Task prompt: An exact, complete copy of the entries is needed, with the pictures left out.

Available records:

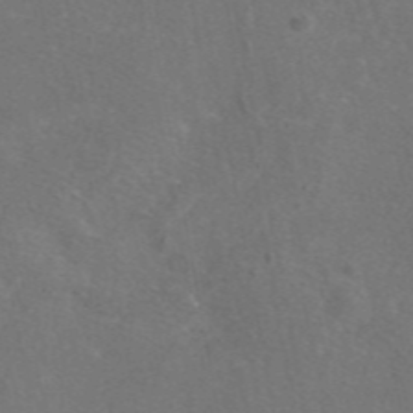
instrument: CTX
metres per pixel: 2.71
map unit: eAb
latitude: 46.7813
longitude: 110.1605
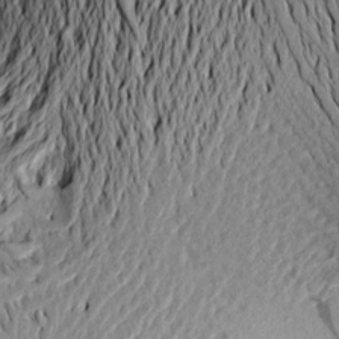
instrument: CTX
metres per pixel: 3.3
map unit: Aa
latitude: 18.4223
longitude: -148.5168
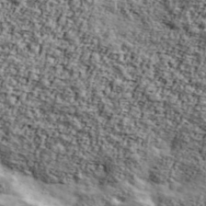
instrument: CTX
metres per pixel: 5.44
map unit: Ave
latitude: 43.0459
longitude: -111.1781
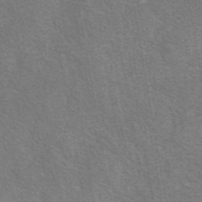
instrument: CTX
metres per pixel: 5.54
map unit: eAb
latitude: 41.9339
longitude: 106.5763
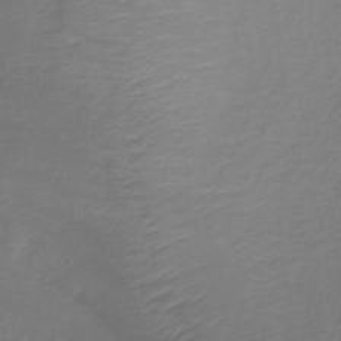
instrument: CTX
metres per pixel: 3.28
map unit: lHb
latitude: -38.3495
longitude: 72.2928
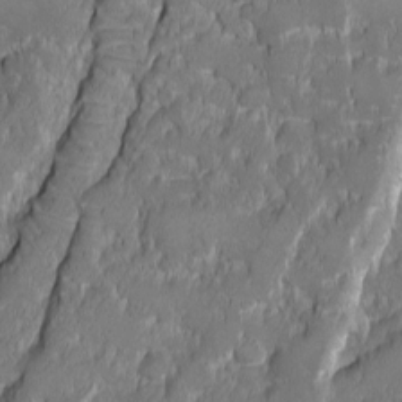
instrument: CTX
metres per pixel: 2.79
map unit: Ave
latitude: -10.0472
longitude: -117.1025
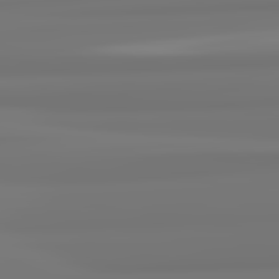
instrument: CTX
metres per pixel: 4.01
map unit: lApd
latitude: 82.1577
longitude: 171.8045
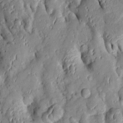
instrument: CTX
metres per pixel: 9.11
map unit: Htu
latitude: 0.6868
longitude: 149.0109
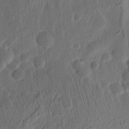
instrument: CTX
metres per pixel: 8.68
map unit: Ht
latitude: 11.2537
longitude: -75.3104
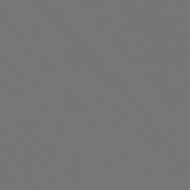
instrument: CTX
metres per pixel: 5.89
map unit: Hpe
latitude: 75.1970
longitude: -124.7813
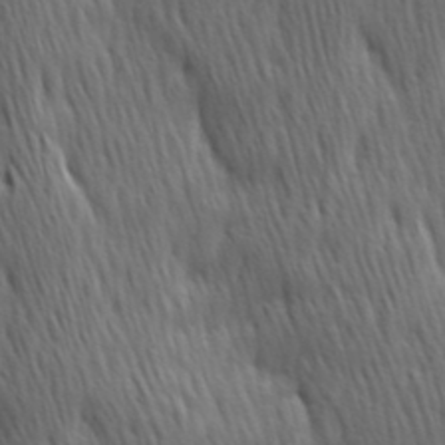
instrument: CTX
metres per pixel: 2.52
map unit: Hve
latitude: 24.3278
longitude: -97.1403
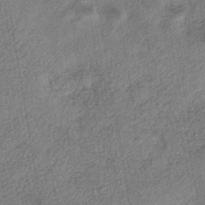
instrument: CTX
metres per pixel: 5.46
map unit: eHh
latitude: -42.4817
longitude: 120.3117
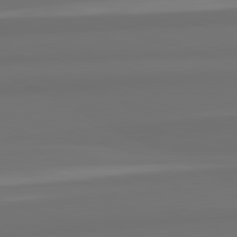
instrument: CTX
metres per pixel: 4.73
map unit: lApd
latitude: 82.4978
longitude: 159.1620
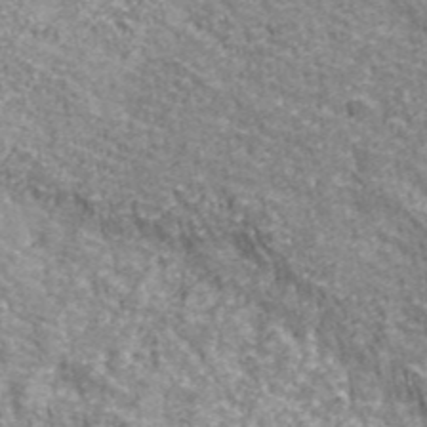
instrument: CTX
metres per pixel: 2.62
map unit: eHh
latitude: 43.5938
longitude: -90.6490
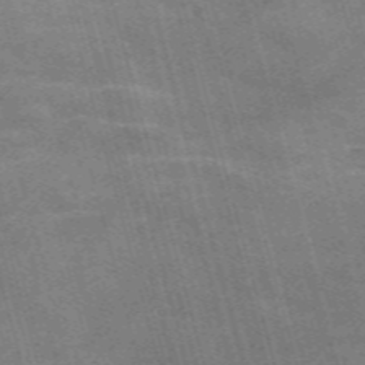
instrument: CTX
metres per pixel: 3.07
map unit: Nve
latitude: -59.3509
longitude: 65.6344
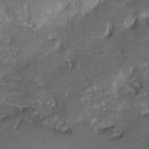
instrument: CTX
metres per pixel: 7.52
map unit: Ht
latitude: 0.3467
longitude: -37.3860
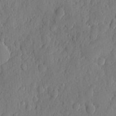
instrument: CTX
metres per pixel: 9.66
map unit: eHh
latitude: 6.8191
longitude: -73.6316
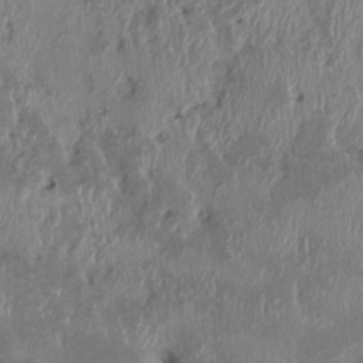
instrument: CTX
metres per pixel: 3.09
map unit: HNhu
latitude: 2.1955
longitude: -6.1011
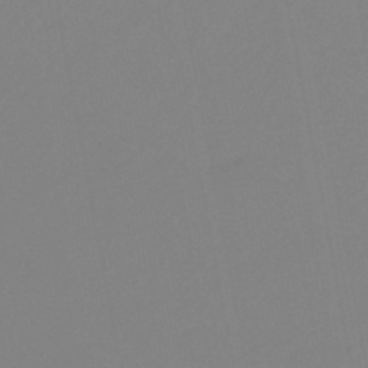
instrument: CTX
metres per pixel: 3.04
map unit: HNb
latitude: -46.2928
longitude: 55.8423
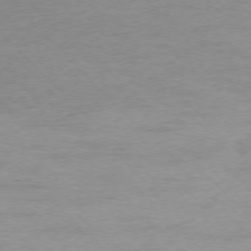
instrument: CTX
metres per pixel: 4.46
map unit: Ap
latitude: -75.8612
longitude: -77.5749
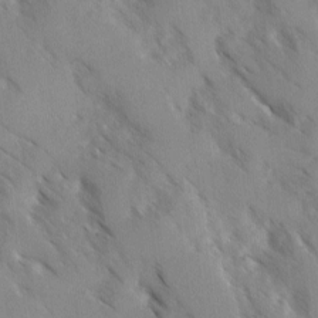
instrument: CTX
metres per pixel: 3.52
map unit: Ave
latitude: -0.4629
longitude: -111.3293
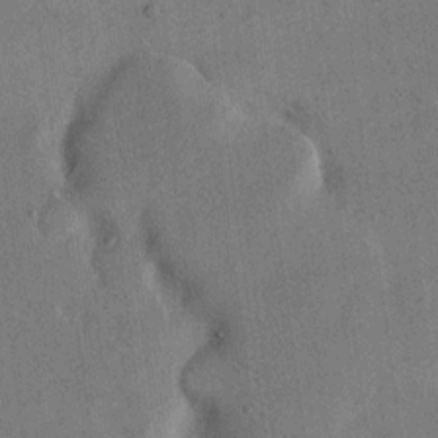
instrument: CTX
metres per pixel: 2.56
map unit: eHh
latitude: 15.4238
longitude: -68.1578
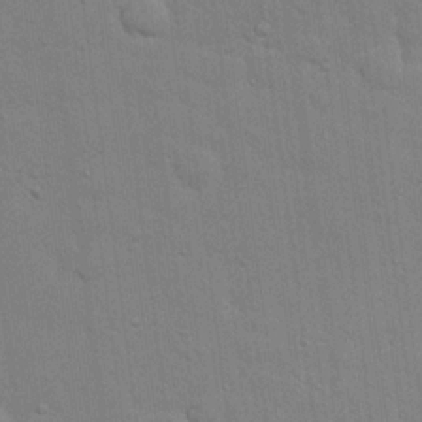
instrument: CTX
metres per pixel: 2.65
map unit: eHh
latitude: 19.5371
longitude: -62.1956
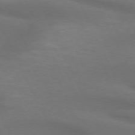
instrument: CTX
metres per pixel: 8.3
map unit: lApd
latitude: 72.7058
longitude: -48.8569
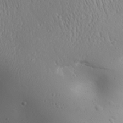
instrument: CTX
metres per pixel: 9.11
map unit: Aa
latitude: 31.6127
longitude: -143.6316
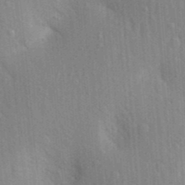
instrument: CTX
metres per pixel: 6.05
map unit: Aa
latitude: 26.1578
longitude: -149.6505
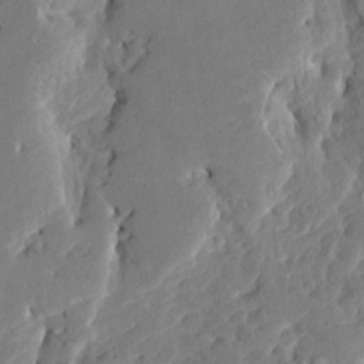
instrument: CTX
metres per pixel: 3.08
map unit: HNhu
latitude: 5.9339
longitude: -5.2915
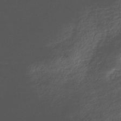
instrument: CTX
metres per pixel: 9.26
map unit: Nhe
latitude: -48.1417
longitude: -172.4412
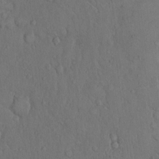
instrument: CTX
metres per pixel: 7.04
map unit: Hto
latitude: 10.2523
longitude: -60.7624
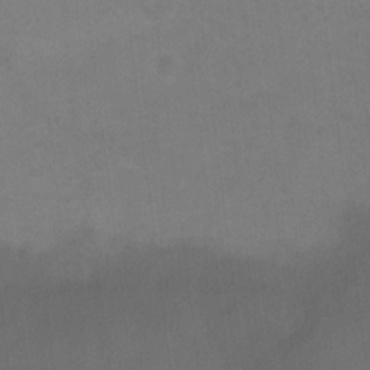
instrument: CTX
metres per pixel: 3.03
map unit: Ht
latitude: 0.9513
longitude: -33.6883
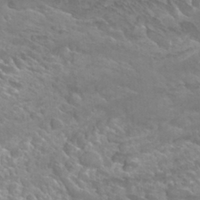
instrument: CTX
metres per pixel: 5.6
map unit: Hto
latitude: 28.4790
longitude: -40.2333
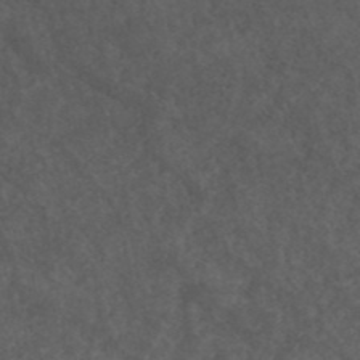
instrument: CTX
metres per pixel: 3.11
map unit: ANa
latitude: 43.1025
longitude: 28.9731
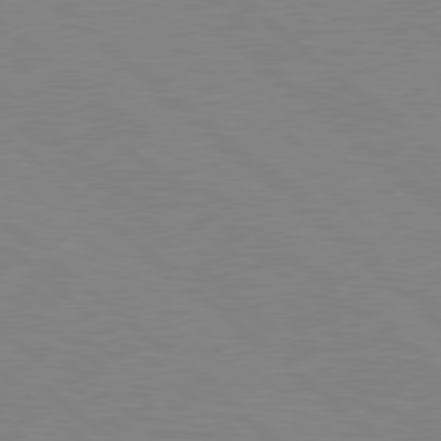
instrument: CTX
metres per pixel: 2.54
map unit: lApd
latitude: 78.8758
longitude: -176.0444
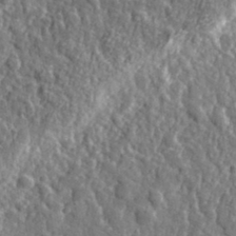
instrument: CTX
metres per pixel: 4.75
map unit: eHh
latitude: 35.4615
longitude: -80.4034
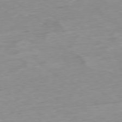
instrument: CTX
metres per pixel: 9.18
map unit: Hpe
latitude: -78.8030
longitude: -23.3671
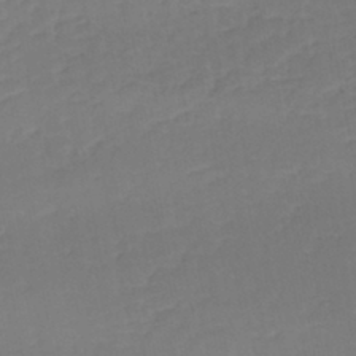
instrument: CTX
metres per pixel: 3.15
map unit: eHh
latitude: -42.8219
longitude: -31.4616
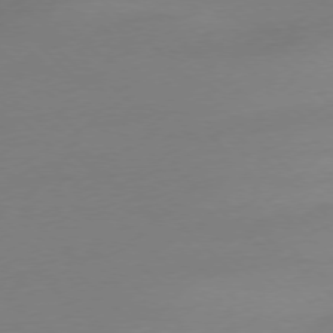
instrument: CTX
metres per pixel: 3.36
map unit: Ap
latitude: -77.5399
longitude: -68.1011
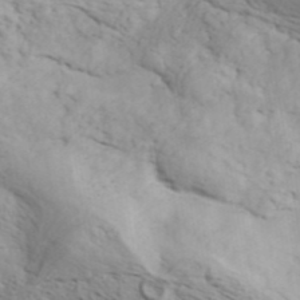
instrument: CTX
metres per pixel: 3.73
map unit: ANa
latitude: 41.8772
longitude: 50.5573
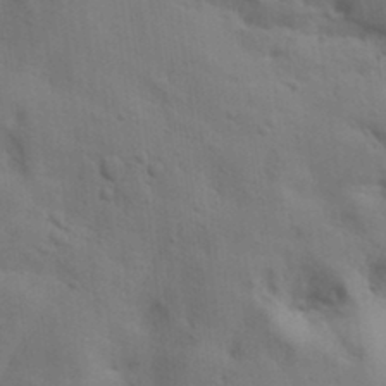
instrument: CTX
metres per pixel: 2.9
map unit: lAa
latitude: 19.4048
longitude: -138.9325
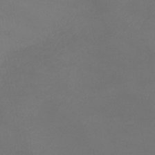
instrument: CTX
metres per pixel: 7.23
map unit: lHb
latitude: -39.8989
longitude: 75.9556
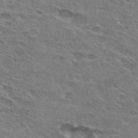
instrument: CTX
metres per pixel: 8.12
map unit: Hto
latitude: 31.7450
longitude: -45.1403
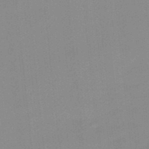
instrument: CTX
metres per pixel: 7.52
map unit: lHb
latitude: -48.5952
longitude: 81.0298
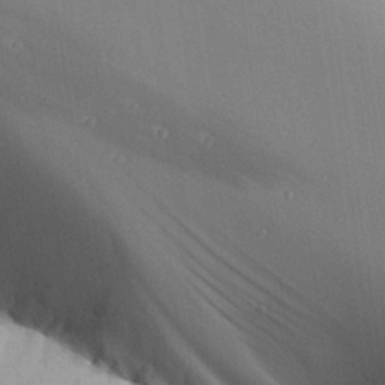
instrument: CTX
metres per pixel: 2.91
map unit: Aa
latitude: 27.2915
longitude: -129.4615
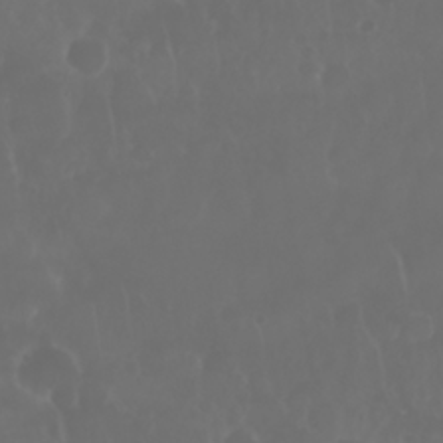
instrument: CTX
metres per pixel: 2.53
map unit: Nhu
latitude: 28.8947
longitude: -64.1956
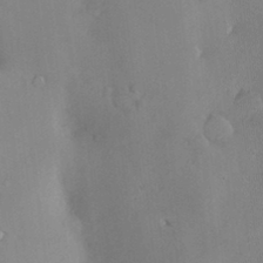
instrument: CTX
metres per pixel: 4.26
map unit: Hve
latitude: -9.9178
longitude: 175.2187
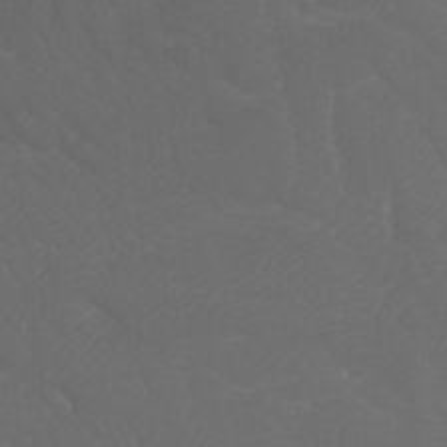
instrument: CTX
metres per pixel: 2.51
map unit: Htu
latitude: -7.9556
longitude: -65.6694
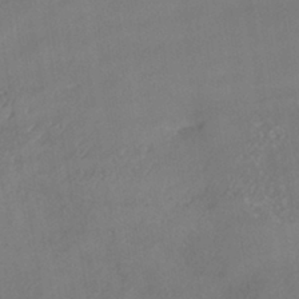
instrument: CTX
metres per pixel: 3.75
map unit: HNhu
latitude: -40.9542
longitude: 101.6532
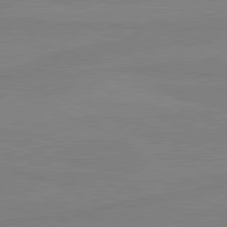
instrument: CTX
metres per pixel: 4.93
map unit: lApd
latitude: 81.2348
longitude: -179.3104
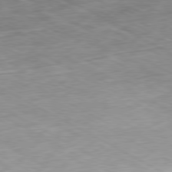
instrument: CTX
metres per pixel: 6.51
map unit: Ap
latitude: -80.5007
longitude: -73.2159
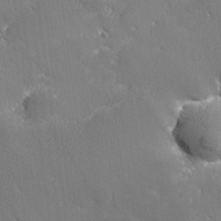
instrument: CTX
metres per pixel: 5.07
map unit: lHvf
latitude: 25.4615
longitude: 141.2754
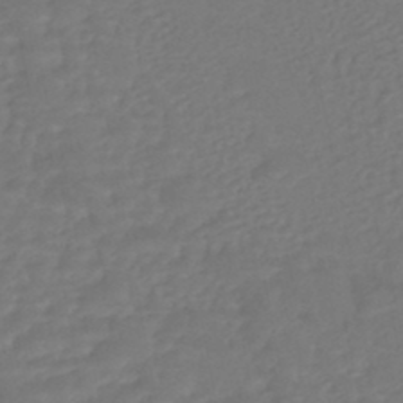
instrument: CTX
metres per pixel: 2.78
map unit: HNhu
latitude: -46.6896
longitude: 92.1606
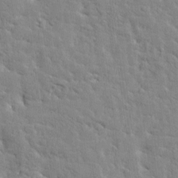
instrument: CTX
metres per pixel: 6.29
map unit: Htu
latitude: -3.6721
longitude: 174.3684
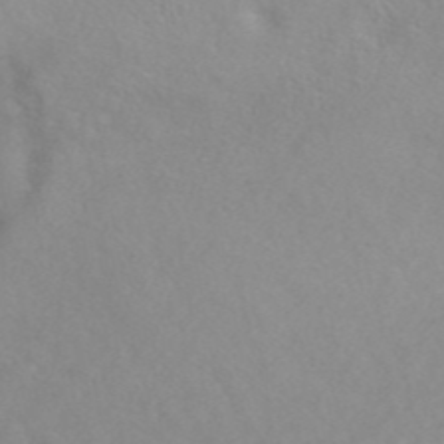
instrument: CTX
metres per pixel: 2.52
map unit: ANa
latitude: 42.8758
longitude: 27.2375
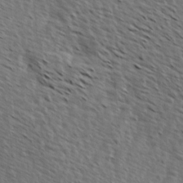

Worked solution:
instrument: CTX
metres per pixel: 2.71
map unit: eAb
latitude: 46.7813
longitude: 110.1605
instrument: CTX
metres per pixel: 3.3
map unit: Aa
latitude: 18.4223
longitude: -148.5168
instrument: CTX
metres per pixel: 5.44
map unit: Ave
latitude: 43.0459
longitude: -111.1781
instrument: CTX
metres per pixel: 5.54
map unit: eAb
latitude: 41.9339
longitude: 106.5763
instrument: CTX
metres per pixel: 3.28
map unit: lHb
latitude: -38.3495
longitude: 72.2928
instrument: CTX
metres per pixel: 2.79
map unit: Ave
latitude: -10.0472
longitude: -117.1025
instrument: CTX
metres per pixel: 4.01
map unit: lApd
latitude: 82.1577
longitude: 171.8045
instrument: CTX
metres per pixel: 9.11
map unit: Htu
latitude: 0.6868
longitude: 149.0109
instrument: CTX
metres per pixel: 8.68
map unit: Ht
latitude: 11.2537
longitude: -75.3104
instrument: CTX
metres per pixel: 5.89
map unit: Hpe
latitude: 75.1970
longitude: -124.7813
instrument: CTX
metres per pixel: 2.52
map unit: Hve
latitude: 24.3278
longitude: -97.1403
instrument: CTX
metres per pixel: 5.46
map unit: eHh
latitude: -42.4817
longitude: 120.3117
instrument: CTX
metres per pixel: 4.73
map unit: lApd
latitude: 82.4978
longitude: 159.1620
instrument: CTX
metres per pixel: 2.62
map unit: eHh
latitude: 43.5938
longitude: -90.6490
instrument: CTX
metres per pixel: 3.07
map unit: Nve
latitude: -59.3509
longitude: 65.6344
instrument: CTX
metres per pixel: 7.52
map unit: Ht
latitude: 0.3467
longitude: -37.3860
instrument: CTX
metres per pixel: 9.66
map unit: eHh
latitude: 6.8191
longitude: -73.6316
instrument: CTX
metres per pixel: 3.09
map unit: HNhu
latitude: 2.1955
longitude: -6.1011
instrument: CTX
metres per pixel: 3.04
map unit: HNb
latitude: -46.2928
longitude: 55.8423
instrument: CTX
metres per pixel: 4.46
map unit: Ap
latitude: -75.8612
longitude: -77.5749
instrument: CTX
metres per pixel: 3.52
map unit: Ave
latitude: -0.4629
longitude: -111.3293
instrument: CTX
metres per pixel: 2.56
map unit: eHh
latitude: 15.4238
longitude: -68.1578
instrument: CTX
metres per pixel: 2.65
map unit: eHh
latitude: 19.5371
longitude: -62.1956
instrument: CTX
metres per pixel: 8.3
map unit: lApd
latitude: 72.7058
longitude: -48.8569
instrument: CTX
metres per pixel: 9.11
map unit: Aa
latitude: 31.6127
longitude: -143.6316
instrument: CTX
metres per pixel: 6.05
map unit: Aa
latitude: 26.1578
longitude: -149.6505
instrument: CTX
metres per pixel: 3.08
map unit: HNhu
latitude: 5.9339
longitude: -5.2915
instrument: CTX
metres per pixel: 9.26
map unit: Nhe
latitude: -48.1417
longitude: -172.4412
instrument: CTX
metres per pixel: 7.04
map unit: Hto
latitude: 10.2523
longitude: -60.7624
instrument: CTX
metres per pixel: 3.03
map unit: Ht
latitude: 0.9513
longitude: -33.6883
instrument: CTX
metres per pixel: 5.6
map unit: Hto
latitude: 28.4790
longitude: -40.2333
instrument: CTX
metres per pixel: 3.11
map unit: ANa
latitude: 43.1025
longitude: 28.9731
instrument: CTX
metres per pixel: 2.54
map unit: lApd
latitude: 78.8758
longitude: -176.0444
instrument: CTX
metres per pixel: 4.75
map unit: eHh
latitude: 35.4615
longitude: -80.4034
instrument: CTX
metres per pixel: 9.18
map unit: Hpe
latitude: -78.8030
longitude: -23.3671
instrument: CTX
metres per pixel: 3.15
map unit: eHh
latitude: -42.8219
longitude: -31.4616
instrument: CTX
metres per pixel: 3.36
map unit: Ap
latitude: -77.5399
longitude: -68.1011
instrument: CTX
metres per pixel: 3.73
map unit: ANa
latitude: 41.8772
longitude: 50.5573
instrument: CTX
metres per pixel: 2.9
map unit: lAa
latitude: 19.4048
longitude: -138.9325
instrument: CTX
metres per pixel: 7.23
map unit: lHb
latitude: -39.8989
longitude: 75.9556
instrument: CTX
metres per pixel: 8.12
map unit: Hto
latitude: 31.7450
longitude: -45.1403
instrument: CTX
metres per pixel: 7.52
map unit: lHb
latitude: -48.5952
longitude: 81.0298
instrument: CTX
metres per pixel: 2.91
map unit: Aa
latitude: 27.2915
longitude: -129.4615
instrument: CTX
metres per pixel: 2.53
map unit: Nhu
latitude: 28.8947
longitude: -64.1956
instrument: CTX
metres per pixel: 4.26
map unit: Hve
latitude: -9.9178
longitude: 175.2187
instrument: CTX
metres per pixel: 2.51
map unit: Htu
latitude: -7.9556
longitude: -65.6694
instrument: CTX
metres per pixel: 3.75
map unit: HNhu
latitude: -40.9542
longitude: 101.6532
instrument: CTX
metres per pixel: 4.93
map unit: lApd
latitude: 81.2348
longitude: -179.3104
instrument: CTX
metres per pixel: 6.51
map unit: Ap
latitude: -80.5007
longitude: -73.2159
instrument: CTX
metres per pixel: 5.07
map unit: lHvf
latitude: 25.4615
longitude: 141.2754
instrument: CTX
metres per pixel: 2.78
map unit: HNhu
latitude: -46.6896
longitude: 92.1606
instrument: CTX
metres per pixel: 6.29
map unit: Htu
latitude: -3.6721
longitude: 174.3684
instrument: CTX
metres per pixel: 2.52
map unit: ANa
latitude: 42.8758
longitude: 27.2375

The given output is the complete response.